Subject: | Make a copy of the returned hashref from the parse method |
Hi,
I've been using your module to process some files with fixed length records and ran into an issue with the parse method. I think it would be good to change the behaivor of the parse method so that it returns a copy of the hashref instead of the same one over and over again. I realize the current setup is for performance reasons, but, to me, the current setup is confusing and easy to forget. This is probably because the method does not work like you would expect it to, unless you pay close attention to the Caveats section of the documentation. Most modules like this do not require you to make a copy of the data returned.
To see how much of a performance difference it would make to return a copy, I changed the method to return a copy (by simply placing the fix you mention in Caveats inside the sub) and ran some benchmarks comparing the two:
Benchmark: timing 1000000 iterations of Copy, Original...
Copy: 57 wallclock secs (57.53 usr + 0.00 sys = 57.53 CPU) @ 17382.24/s (n=1000000)

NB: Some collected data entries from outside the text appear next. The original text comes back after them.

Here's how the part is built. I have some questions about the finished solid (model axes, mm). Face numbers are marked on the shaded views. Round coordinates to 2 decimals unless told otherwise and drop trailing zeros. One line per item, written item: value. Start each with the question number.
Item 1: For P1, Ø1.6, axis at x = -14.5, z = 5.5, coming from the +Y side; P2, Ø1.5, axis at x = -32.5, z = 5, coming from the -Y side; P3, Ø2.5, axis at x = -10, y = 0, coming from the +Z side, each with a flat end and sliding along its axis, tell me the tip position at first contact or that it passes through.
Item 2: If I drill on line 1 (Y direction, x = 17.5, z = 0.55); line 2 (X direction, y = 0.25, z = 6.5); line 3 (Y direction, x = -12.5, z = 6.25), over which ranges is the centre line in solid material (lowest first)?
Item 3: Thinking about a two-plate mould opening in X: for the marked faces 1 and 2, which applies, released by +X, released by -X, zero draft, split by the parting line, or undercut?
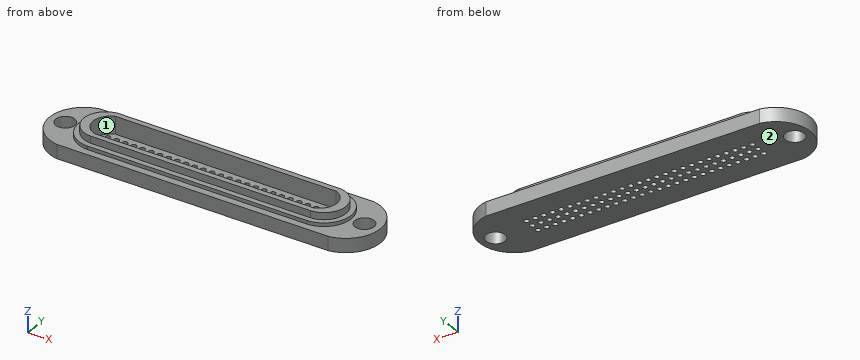
```python
from build123d import *

# Parameters (mm, degrees)
F0_R     = 2.75
F1_DEPTH = 4
F2_DEPTH = 5
F3_DEPTH = 7
F4_DEPTH = 2
F5_R     = 0.75
F5_R_2   = 0.7
F6_DEPTH = 25


with BuildPart() as f1:
    # F0 (on Top) → F1 (new body)
    with BuildSketch(Plane.XY):
        with BuildLine():
            Line((-38.977494, -9.75), (0, -9.75))
            Line((0, -9.75), (38.977494, -9.75))
            ThreePointArc((38.977494, -9.75), (47.498043, -0.167837), (39.370675, 9.75))
            Line((39.370675, 9.75), (0, 9.75))
            Line((0, 9.75), (-39.370675, 9.75))
            ThreePointArc((-39.370675, 9.75), (-47.498043, -0.167837), (-38.977494, -9.75))
        make_face()
        with Locations((-43, 0)):
            Circle(F0_R, mode=Mode.SUBTRACT)
        with BuildLine():
            ThreePointArc((-31.644462, -7.748965), (-39.122501, -0.217996), (-32.104186, 7.743147))
            Line((-32.104186, 7.743147), (-31.961884, 7.75))
            Line((-31.961884, 7.75), (0, 7.75))
            Line((0, 7.75), (31.961884, 7.75))
            Line((31.961884, 7.75), (32.104186, 7.743147))
            ThreePointArc((32.104186, 7.743147), (39.122501, -0.217996), (31.644462, -7.748965))
            Line((31.644462, -7.748965), (31.587565, -7.75))
            Line((31.587565, -7.75), (0.328864, -7.75))
            Line((0.328864, -7.75), (-0.328864, -7.75))
            Line((-0.328864, -7.75), (-31.587565, -7.75))
            Line((-31.587565, -7.75), (-31.644462, -7.748965))
        make_face(mode=Mode.SUBTRACT)
        with Locations((43, 0)):
            Circle(F0_R, mode=Mode.SUBTRACT)
    extrude(amount=F1_DEPTH)

    # F0 (on Top) → F2 (join)
    with BuildSketch(Plane.XY):
        with BuildLine():
            Line((-31.961884, 7.75), (-32.104186, 7.743147))
            ThreePointArc((-32.104186, 7.743147), (-39.122501, -0.217996), (-31.644462, -7.748965))
            Line((-31.644462, -7.748965), (-31.587565, -7.75))
            Line((-31.587565, -7.75), (-0.328864, -7.75))
            Line((-0.328864, -7.75), (0.328864, -7.75))
            Line((0.328864, -7.75), (31.587565, -7.75))
            Line((31.587565, -7.75), (31.644462, -7.748965))
            ThreePointArc((31.644462, -7.748965), (39.122501, -0.217996), (32.104186, 7.743147))
            Line((32.104186, 7.743147), (31.961884, 7.75))
            Line((31.961884, 7.75), (0, 7.75))
            Line((0, 7.75), (-31.961884, 7.75))
        make_face()
        with BuildLine():
            Line((31.587565, -6.25), (-0.328864, -6.25))
            Line((-0.328864, -6.25), (-5.279422, -6.25))
            Line((-5.279422, -6.25), (-31.588749, -6.25))
            ThreePointArc((-31.588749, -6.25), (-37.623142, -0.174144), (-31.960962, 6.25))
            Line((-31.960962, 6.25), (0, 6.25))
            Line((0, 6.25), (31.961884, 6.25))
            ThreePointArc((31.961884, 6.25), (37.62311, -0.175133), (31.587565, -6.25))
        make_face(mode=Mode.SUBTRACT)
    extrude(amount=F2_DEPTH)

    # F0 (on Top) → F3 (join)
    with BuildSketch(Plane.XY):
        with BuildLine():
            Line((-5.279422, -6.25), (-0.328864, -6.25))
            Line((-0.328864, -6.25), (31.587565, -6.25))
            ThreePointArc((31.587565, -6.25), (37.62311, -0.175133), (31.961884, 6.25))
            Line((31.961884, 6.25), (0, 6.25))
            Line((0, 6.25), (-31.960962, 6.25))
            ThreePointArc((-31.960962, 6.25), (-37.623142, -0.174144), (-31.588749, -6.25))
            Line((-31.588749, -6.25), (-5.279422, -6.25))
        make_face()
        with BuildLine():
            Line((31.389172, -4.75), (-0.328864, -4.75))
            Line((-0.328864, -4.75), (-5.279422, -4.75))
            Line((-5.279422, -4.75), (-31.389172, -4.75))
            ThreePointArc((-31.389172, -4.75), (-34.997071, -0.117987), (-31.714512, 4.75))
            Line((-31.714512, 4.75), (0, 4.75))
            Line((0, 4.75), (31.714512, 4.75))
            ThreePointArc((31.714512, 4.75), (34.997071, -0.117987), (31.389172, -4.75))
        make_face(mode=Mode.SUBTRACT)
    extrude(amount=F3_DEPTH)

    # F0 (on Top) → F4 (join)
    with BuildSketch(Plane.XY):
        with BuildLine():
            Line((-5.279422, -4.75), (-0.328864, -4.75))
            Line((-0.328864, -4.75), (31.389172, -4.75))
            ThreePointArc((31.389172, -4.75), (34.997071, -0.117987), (31.714512, 4.75))
            Line((31.714512, 4.75), (0, 4.75))
            Line((0, 4.75), (-31.714512, 4.75))
            ThreePointArc((-31.714512, 4.75), (-34.997071, -0.117987), (-31.389172, -4.75))
            Line((-31.389172, -4.75), (-5.279422, -4.75))
        make_face()
    extrude(amount=F4_DEPTH)

    # F5 (on face) → F6 (cut)
    with BuildSketch(Plane.XY.offset(2)):
        with BuildLine():
            ThreePointArc((0, 0.75), (-0.75, 0), (0, -0.75))
            ThreePointArc((0, -0.75), (0.75, 0), (0, 0.75))
        make_face()
        with BuildLine():
            ThreePointArc((0, 3.25), (-0.75, 2.5), (0, 1.75))
            ThreePointArc((0, 1.75), (0.75, 2.5), (0, 3.25))
        make_face()
        with Locations((2.5, 0)):
            Circle(F5_R)
        with Locations((2.5, 2.5)):
            Circle(F5_R)
        with Locations((5, 0)):
            Circle(F5_R)
        with Locations((5, 2.5)):
            Circle(F5_R)
        with Locations((7.5, 0)):
            Circle(F5_R)
        with Locations((7.5, 2.5)):
            Circle(F5_R)
        with Locations((10, 0)):
            Circle(F5_R)
        with Locations((10, 2.5)):
            Circle(F5_R)
        with Locations((12.5, 0)):
            Circle(F5_R)
        with Locations((12.5, 2.5)):
            Circle(F5_R)
        with Locations((15, 0)):
            Circle(F5_R)
        with Locations((15, 2.5)):
            Circle(F5_R)
        with Locations((17.5, 0)):
            Circle(F5_R)
        with Locations((17.5, 2.5)):
            Circle(F5_R)
        with Locations((20, 0)):
            Circle(F5_R)
        with Locations((20, 2.5)):
            Circle(F5_R)
        with Locations((22.5, 0)):
            Circle(F5_R)
        with Locations((22.5, 2.5)):
            Circle(F5_R)
        with Locations((25, 0)):
            Circle(F5_R)
        with Locations((25, 2.5)):
            Circle(F5_R)
        with Locations((27.5, 0)):
            Circle(F5_R)
        with Locations((27.5, 2.5)):
            Circle(F5_R)
        with Locations((2.5, -2.5)):
            Circle(F5_R)
        with Locations((5, -2.5)):
            Circle(F5_R)
        with Locations((7.5, -2.5)):
            Circle(F5_R)
        with Locations((10, -2.5)):
            Circle(F5_R)
        with Locations((12.5, -2.5)):
            Circle(F5_R)
        with Locations((15, -2.5)):
            Circle(F5_R)
        with Locations((17.5, -2.5)):
            Circle(F5_R)
        with Locations((20, -2.5)):
            Circle(F5_R)
        with Locations((22.5, -2.5)):
            Circle(F5_R)
        with Locations((25, -2.5)):
            Circle(F5_R)
        with Locations((27.5, -2.5)):
            Circle(F5_R)
        with Locations((-12.5, 0)):
            Circle(F5_R)
        with Locations((-17.5, 0)):
            Circle(F5_R)
        with Locations((-7.5, 0)):
            Circle(F5_R)
        with Locations((-5, 0)):
            Circle(F5_R)
        with Locations((-15, 0)):
            Circle(F5_R)
        with Locations((-20, 0)):
            Circle(F5_R)
        with Locations((-10, 0)):
            Circle(F5_R)
        with Locations((-12.5, 2.5)):
            Circle(F5_R)
        with Locations((-10, 2.5)):
            Circle(F5_R)
        with Locations((-7.5, 2.5)):
            Circle(F5_R)
        with Locations((-5, 2.5)):
            Circle(F5_R)
        with Locations((-2.5, 0)):
            Circle(F5_R)
        with Locations((-2.5, 2.5)):
            Circle(F5_R)
        with Locations((-17.5, 2.5)):
            Circle(F5_R)
        with Locations((-15, 2.5)):
            Circle(F5_R)
        with Locations((-20, 2.5)):
            Circle(F5_R)
        with Locations((-27.5, 0)):
            Circle(F5_R)
        with Locations((-22.5, 0)):
            Circle(F5_R)
        with Locations((-25, 0)):
            Circle(F5_R)
        with Locations((-27.5, -2.5)):
            Circle(F5_R)
        with Locations((-25, 2.5)):
            Circle(F5_R)
        with Locations((-22.5, 2.5)):
            Circle(F5_R)
        with Locations((-17.5, -2.5)):
            Circle(F5_R)
        with Locations((-27.5, 2.5)):
            Circle(F5_R)
        with Locations((-20, -2.5)):
            Circle(F5_R)
        with Locations((-22.5, -2.5)):
            Circle(F5_R)
        with Locations((-25, -2.5)):
            Circle(F5_R)
        with Locations((-2.5, -2.5)):
            Circle(F5_R)
        with Locations((-5, -2.5)):
            Circle(F5_R)
        with Locations((-7.5, -2.5)):
            Circle(F5_R)
        with Locations((-10, -2.5)):
            Circle(F5_R)
        with Locations((-12.5, -2.5)):
            Circle(F5_R)
        with Locations((-15, -2.5)):
            Circle(F5_R)
        with Locations((0.020794, -2.485011)):
            Circle(F5_R_2)
        with Locations((-29.956931, 0.036661)):
            Circle(F5_R)
        with Locations((29.956931, 0.036661)):
            Circle(F5_R)
        with Locations((29.949998, 2.5)):
            Circle(F5_R)
        with Locations((32.449998, 2.5)):
            Circle(F5_R)
        with Locations((29.949998, -2.5)):
            Circle(F5_R)
        with Locations((32.449998, 0)):
            Circle(F5_R)
        with Locations((32.449998, -2.5)):
            Circle(F5_R)
        with Locations((-32.466013, 0.00955)):
            Circle(F5_R)
        with Locations((-32.466013, -2.49045)):
            Circle(F5_R)
        with Locations((-29.966013, 2.50955)):
            Circle(F5_R)
        with Locations((-32.466013, 2.50955)):
            Circle(F5_R)
        with Locations((-29.966013, -2.49045)):
            Circle(F5_R)
    extrude(amount=-F6_DEPTH, mode=Mode.SUBTRACT)


solid = f1.part
```
Values follow:
1. P1: stops at y = 7.75
1. P2: stops at y = -7.74
1. P3: stops at z = 2
2. line 1: y = -9.75 to -3.25, -1.75 to -0.75, 0.75 to 1.75, 3.25 to 9.75
2. line 2: x = -37.62 to -35, 35 to 37.62
2. line 3: y = -6.25 to -4.75, 4.75 to 6.25
3. face 1: undercut
3. face 2: zero draft

Original: 27 wallclock secs (26.55 usr + 0.00 sys = 26.55 CPU) @ 37664.78/s (n=1000000)
Rate Copy Original
Copy 17382/s -- -54%
Original 37665/s 117% --
So, there is a performance loss, but it isn't too horrible unless you do quite a few records. I also tried modifying the method so it would create a new place to store the data every time instead of using $parser->{DATA} and making a copy afterwords, but that made it even slower.
Perhaps you could have the default method return a copy (which is what most people expect), and have another method that is more optimized for those that need the extra performance.
Anyways, I know this isn't really a "bug," just a difference in programming style. But let me know what you think about it.
Thanks for your work on this module, it made finishing a recent project much easier than developing my own solution.